About this exercise:
The response must hold only the lines from the line containing "4. car from (1138, 852) to (1152, 863)" through the end of the listing, exactly as written.

Given data:
----------------------------------------

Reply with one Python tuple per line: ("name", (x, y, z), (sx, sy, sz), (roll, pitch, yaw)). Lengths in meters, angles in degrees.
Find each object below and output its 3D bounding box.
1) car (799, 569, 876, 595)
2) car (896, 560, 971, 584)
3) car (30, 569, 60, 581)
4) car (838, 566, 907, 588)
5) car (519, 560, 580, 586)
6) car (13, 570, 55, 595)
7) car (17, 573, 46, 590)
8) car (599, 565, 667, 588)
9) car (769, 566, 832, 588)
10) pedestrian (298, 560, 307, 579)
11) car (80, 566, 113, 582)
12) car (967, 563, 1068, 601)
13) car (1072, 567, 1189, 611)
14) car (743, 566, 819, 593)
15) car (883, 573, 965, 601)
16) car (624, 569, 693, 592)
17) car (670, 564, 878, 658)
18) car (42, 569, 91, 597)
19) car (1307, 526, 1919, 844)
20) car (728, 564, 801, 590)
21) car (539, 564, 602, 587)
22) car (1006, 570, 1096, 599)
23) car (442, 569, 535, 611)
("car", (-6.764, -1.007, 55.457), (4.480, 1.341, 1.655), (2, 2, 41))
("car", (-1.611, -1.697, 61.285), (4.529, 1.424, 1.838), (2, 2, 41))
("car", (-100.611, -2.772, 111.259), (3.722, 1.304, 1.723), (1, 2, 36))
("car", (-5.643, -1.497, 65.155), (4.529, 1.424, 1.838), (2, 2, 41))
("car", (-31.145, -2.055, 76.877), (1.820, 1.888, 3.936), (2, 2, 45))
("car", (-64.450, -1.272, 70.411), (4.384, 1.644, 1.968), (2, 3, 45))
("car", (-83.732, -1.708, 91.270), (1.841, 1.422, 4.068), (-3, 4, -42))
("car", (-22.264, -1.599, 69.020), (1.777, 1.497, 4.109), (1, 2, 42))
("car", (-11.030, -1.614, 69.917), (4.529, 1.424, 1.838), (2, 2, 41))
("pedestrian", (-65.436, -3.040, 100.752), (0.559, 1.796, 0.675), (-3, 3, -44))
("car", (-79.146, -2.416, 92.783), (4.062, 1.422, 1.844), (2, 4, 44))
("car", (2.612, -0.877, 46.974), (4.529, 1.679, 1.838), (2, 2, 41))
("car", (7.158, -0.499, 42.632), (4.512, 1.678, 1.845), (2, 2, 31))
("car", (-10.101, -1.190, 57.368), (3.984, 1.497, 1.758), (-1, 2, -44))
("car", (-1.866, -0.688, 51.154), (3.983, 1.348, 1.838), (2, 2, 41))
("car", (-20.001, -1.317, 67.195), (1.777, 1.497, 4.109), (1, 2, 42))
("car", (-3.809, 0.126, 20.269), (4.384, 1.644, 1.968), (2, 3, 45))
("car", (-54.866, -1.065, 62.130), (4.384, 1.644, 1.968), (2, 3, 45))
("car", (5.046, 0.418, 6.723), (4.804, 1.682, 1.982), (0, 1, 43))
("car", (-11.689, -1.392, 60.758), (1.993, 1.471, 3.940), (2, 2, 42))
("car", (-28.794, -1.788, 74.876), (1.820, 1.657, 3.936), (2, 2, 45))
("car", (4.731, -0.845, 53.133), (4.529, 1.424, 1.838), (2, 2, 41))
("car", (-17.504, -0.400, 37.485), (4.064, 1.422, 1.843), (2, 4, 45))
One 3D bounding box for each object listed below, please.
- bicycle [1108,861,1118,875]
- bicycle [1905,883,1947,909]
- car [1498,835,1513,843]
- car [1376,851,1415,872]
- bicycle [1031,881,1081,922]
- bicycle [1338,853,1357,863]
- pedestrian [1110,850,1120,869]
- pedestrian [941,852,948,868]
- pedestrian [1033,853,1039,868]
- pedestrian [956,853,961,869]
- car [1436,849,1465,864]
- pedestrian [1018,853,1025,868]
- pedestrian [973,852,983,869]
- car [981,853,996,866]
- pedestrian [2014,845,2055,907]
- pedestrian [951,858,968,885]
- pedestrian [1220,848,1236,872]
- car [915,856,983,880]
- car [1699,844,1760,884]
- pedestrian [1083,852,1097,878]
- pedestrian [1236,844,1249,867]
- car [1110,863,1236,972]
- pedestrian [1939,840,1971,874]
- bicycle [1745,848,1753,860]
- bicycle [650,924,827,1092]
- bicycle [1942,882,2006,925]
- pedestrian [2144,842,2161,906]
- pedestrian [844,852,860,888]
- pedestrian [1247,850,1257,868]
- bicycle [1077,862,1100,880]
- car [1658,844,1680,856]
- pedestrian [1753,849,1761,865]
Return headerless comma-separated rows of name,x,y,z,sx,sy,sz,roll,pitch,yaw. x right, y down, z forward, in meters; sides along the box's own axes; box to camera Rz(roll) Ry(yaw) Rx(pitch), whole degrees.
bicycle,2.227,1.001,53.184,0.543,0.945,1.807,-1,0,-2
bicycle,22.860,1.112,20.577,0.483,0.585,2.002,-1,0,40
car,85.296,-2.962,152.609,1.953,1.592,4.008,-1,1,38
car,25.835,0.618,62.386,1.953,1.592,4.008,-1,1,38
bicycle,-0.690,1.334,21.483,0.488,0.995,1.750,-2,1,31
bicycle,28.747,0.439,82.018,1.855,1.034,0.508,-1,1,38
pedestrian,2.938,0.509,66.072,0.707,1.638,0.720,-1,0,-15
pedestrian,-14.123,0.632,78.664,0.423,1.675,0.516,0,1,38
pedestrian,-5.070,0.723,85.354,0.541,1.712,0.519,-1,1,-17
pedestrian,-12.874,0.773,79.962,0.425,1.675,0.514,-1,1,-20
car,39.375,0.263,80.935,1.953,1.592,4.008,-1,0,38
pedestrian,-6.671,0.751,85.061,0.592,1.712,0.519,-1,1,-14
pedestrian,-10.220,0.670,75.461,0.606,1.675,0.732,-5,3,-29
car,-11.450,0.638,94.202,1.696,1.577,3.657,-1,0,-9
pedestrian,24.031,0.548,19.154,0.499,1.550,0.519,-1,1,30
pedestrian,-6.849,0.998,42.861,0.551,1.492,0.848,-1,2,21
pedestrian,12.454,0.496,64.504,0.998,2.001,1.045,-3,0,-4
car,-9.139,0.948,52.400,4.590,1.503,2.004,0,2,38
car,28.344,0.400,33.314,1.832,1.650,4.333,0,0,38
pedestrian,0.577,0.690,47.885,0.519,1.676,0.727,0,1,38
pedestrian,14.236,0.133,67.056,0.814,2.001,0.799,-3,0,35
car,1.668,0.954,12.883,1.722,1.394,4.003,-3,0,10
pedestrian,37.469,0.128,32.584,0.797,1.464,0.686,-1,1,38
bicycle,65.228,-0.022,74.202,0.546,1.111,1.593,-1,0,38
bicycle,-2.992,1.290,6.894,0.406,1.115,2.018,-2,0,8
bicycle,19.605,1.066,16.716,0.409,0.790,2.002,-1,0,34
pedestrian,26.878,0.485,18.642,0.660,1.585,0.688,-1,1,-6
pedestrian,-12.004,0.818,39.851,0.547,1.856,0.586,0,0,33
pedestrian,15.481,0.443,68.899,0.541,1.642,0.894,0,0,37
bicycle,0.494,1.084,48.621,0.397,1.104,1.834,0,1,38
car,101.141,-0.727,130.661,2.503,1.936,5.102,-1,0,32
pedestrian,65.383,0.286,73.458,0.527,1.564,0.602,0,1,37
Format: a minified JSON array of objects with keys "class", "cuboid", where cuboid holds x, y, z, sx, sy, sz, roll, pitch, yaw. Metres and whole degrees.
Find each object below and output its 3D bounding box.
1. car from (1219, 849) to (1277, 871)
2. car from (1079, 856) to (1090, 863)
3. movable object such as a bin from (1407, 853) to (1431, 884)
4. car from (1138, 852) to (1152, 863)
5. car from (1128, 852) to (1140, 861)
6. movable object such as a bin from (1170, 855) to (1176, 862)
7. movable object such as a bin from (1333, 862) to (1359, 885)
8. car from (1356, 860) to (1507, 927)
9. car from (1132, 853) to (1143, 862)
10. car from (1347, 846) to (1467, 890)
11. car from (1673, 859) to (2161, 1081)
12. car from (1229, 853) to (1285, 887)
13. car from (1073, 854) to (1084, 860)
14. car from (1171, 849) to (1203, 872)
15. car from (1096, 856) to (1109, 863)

----------------------------------------

Answer for this exercise:
4. car from (1138, 852) to (1152, 863)
5. car from (1128, 852) to (1140, 861)
6. movable object such as a bin from (1170, 855) to (1176, 862)
7. movable object such as a bin from (1333, 862) to (1359, 885)
8. car from (1356, 860) to (1507, 927)
9. car from (1132, 853) to (1143, 862)
10. car from (1347, 846) to (1467, 890)
11. car from (1673, 859) to (2161, 1081)
12. car from (1229, 853) to (1285, 887)
13. car from (1073, 854) to (1084, 860)
14. car from (1171, 849) to (1203, 872)
15. car from (1096, 856) to (1109, 863)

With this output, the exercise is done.